Lúcio Lambranho
Em mensagem enviada ao Congresso em Foco, o relator da MP 327/06, deputado Paulo Pimenta (PT-RS), negou ter cedido às pressões da bancada ruralista para alterar o seu parecer à medida provisória que regulamenta o plantio de transgênicos em áreas próximas a unidades de conservação ambiental.
O deputado disse que não aceitará o "patrulhamento de setores que se intitulam donos do assunto e buscam desqualificar qualquer um que não pense como eles". E criticou segmentos da esquerda “que se intitulam donos da verdade e atacam no geral, sem argumentos sólidos, os que pensam diferente”. “Cuba é um dos países que mais investem em biotecnologia, tanto na agricultura como na saúde. Será que o Fidel Castro está ‘a serviço” da Monsanto?’, rebateu (veja a argumentação dos ambientalistas).
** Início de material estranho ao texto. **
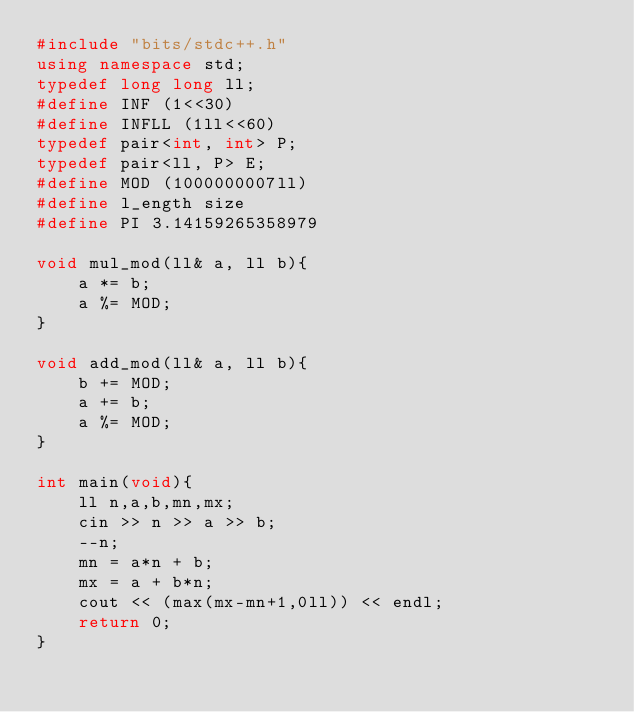<code> <loc_0><loc_0><loc_500><loc_500><_C++_>#include "bits/stdc++.h"
using namespace std;
typedef long long ll;
#define INF (1<<30)
#define INFLL (1ll<<60)
typedef pair<int, int> P;
typedef pair<ll, P> E;
#define MOD (1000000007ll)
#define l_ength size
#define PI 3.14159265358979

void mul_mod(ll& a, ll b){
	a *= b;
	a %= MOD;
}

void add_mod(ll& a, ll b){
	b += MOD;
	a += b;
	a %= MOD;
}

int main(void){
	ll n,a,b,mn,mx;
	cin >> n >> a >> b;
	--n;
	mn = a*n + b;
	mx = a + b*n;
	cout << (max(mx-mn+1,0ll)) << endl;
	return 0;
}

</code>

A MP 327, que tranca a pauta da Câmara desde o último sábado, está pronta para ser analisada na sessão desta quarta-feira. O relator recebeu intensas críticas por parte das bancadas do PV e do Psol e, ainda, da ala do PT ligada à ministra do Meio Ambiente, Marina Silva, conforme mostrou este site na edição do último dia 14 (leia a reportagem).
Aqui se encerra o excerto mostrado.